The greatest among you should be like the youngest, and the one who rules like the one who serves. –Luke 22:26
Anyone who wants to be first must be the very last, and the servant of all. –Mark 9:35
Washing the feet removed filth from hard-to-reach areas.
As I get older, I find it harder and harder to reach my feet in any meaningful way. Some of the disciples were older. All of them were wearing robes. (You ever try to wash off your feet in a skirt? It’s much harder.) Their backs may have been sore from all the walking.
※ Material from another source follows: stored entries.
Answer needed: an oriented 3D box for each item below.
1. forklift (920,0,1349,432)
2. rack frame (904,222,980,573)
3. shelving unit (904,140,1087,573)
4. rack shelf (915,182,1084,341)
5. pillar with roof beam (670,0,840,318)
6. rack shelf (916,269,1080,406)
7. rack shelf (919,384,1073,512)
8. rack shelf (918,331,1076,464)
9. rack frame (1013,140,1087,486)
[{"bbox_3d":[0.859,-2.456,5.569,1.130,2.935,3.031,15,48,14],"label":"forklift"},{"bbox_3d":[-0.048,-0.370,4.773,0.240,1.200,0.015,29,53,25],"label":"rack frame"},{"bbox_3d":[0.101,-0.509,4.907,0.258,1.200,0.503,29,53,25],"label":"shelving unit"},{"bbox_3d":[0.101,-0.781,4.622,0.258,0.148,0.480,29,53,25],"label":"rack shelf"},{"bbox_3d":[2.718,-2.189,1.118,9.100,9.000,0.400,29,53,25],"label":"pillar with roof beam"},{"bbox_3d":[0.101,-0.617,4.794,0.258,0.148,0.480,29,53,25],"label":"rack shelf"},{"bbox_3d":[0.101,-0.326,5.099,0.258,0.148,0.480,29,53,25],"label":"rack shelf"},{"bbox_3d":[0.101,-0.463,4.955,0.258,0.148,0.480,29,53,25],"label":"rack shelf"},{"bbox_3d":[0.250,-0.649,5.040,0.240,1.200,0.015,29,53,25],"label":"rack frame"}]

Instead of the disciples straining and stretching to scrub their own pinky toes, Jesus took each foot into His hands—toes and all—and cleaned them thoroughly. (Okay, I don’t think he gave each one a pedicure or anything, but the feet were clean when he got done.)
In leadership, it’s our job to point out spots that have been missed, to train where skills are lacking, and to fill in the gaps. The key is to approach the person with humility, like Jesus on His knees, rather than hovering over the person and pointing out all their mistakes. Again, this cleansing, though difficult, is a chance to bless the other person, to promote his or her growth (like disciplining our children).
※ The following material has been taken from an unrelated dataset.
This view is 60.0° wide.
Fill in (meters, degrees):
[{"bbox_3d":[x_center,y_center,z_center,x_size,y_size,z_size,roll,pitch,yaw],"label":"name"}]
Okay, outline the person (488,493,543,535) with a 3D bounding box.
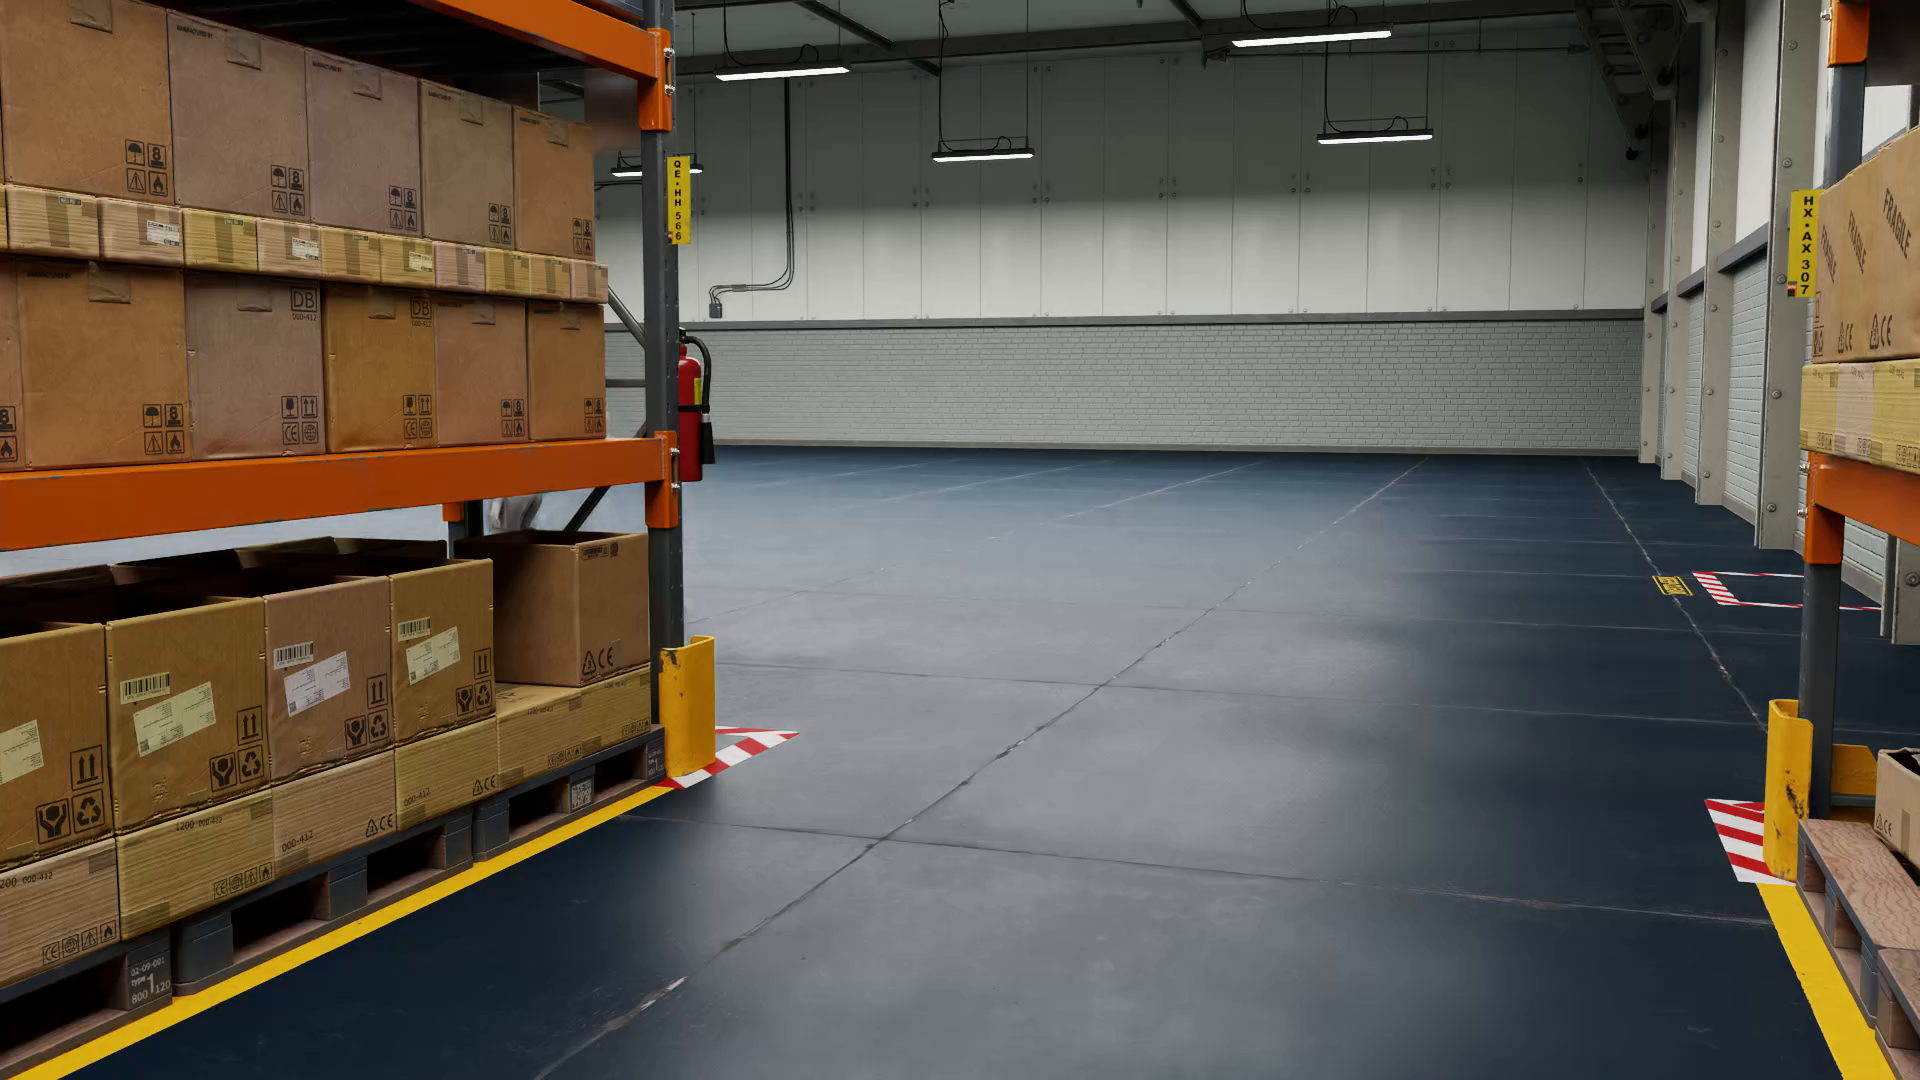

Do nothing out of selfish ambition or vain conceit. Rather, in humility value others above yourselves, not looking to your own interests but each of you to the interests of the others. –Philippians 2:3
The need for foot-washing resulted from everyday life in the world.
The disciples got their feet dirty because they walked everywhere they went, and they wore sandals. They had done nothing exceptional. Just living was hard, dirty work.
“Just living” is still hard work. The stink of tennis shoes (or dress pumps) is different from the stink of sandals, but it comes from the same place: from living in the world. Sin rubs off on us; we lose focus or become lazy; we pick up a bad habit from an acquaintance. As leaders, we offer accountability to those around us, helping them shed these bits of worldliness before they grow.
“Just living” is still hard work. (I repeated myself on purpose.) We get weary or discouraged. Sometimes we lose hope. When we as leaders have the chance to figuratively bend down and pour cool water on someone’s weary feet, to take the menial task while they rest, we choose to take it because our actions will bless them and give them rest.
In this world you will have trouble. But take heart! I have overcome the world. –John 16:33
Foot-washing produced clean feet.
When Jesus hung up that damp towel after the final foot (including Judas’, don’t forget!) and unfolded Himself from the floor, all twenty-four feet were still just as gnarly, but at least they were clean.
Investing in the purity of
those around us reaps benefits
in every aspect of life.
As Christ-following leaders, we are called to prioritize the increasing purity (You could say holiness or sanctification, if you want.) of those we lead. Our correction, our encouragement, our instruction…all have this as an underlying goal. Investing in the purity of those around us reaps benefits in every aspect of life: business, relational, personal. It may not be comfortable at the time—for the foot-washer or for the other person—but in the long run, we bless the other person by helping them draw nearer to God.
Who may ascend the mountain of the Lord? Who may stand in his holy place? The one who has clean [feet] and a pure heart. –Psalm 24:3-4a (with a small change for fun)
One more thought: People can tell when we’re faking it. The desire to bless those around us must be authentic. Enough said.
Do those in your sphere of influence know you are interested in their personal growth…in their purity? Are they aware of your desire to bless them? When we get back to the real meaning of servant leadership, they will.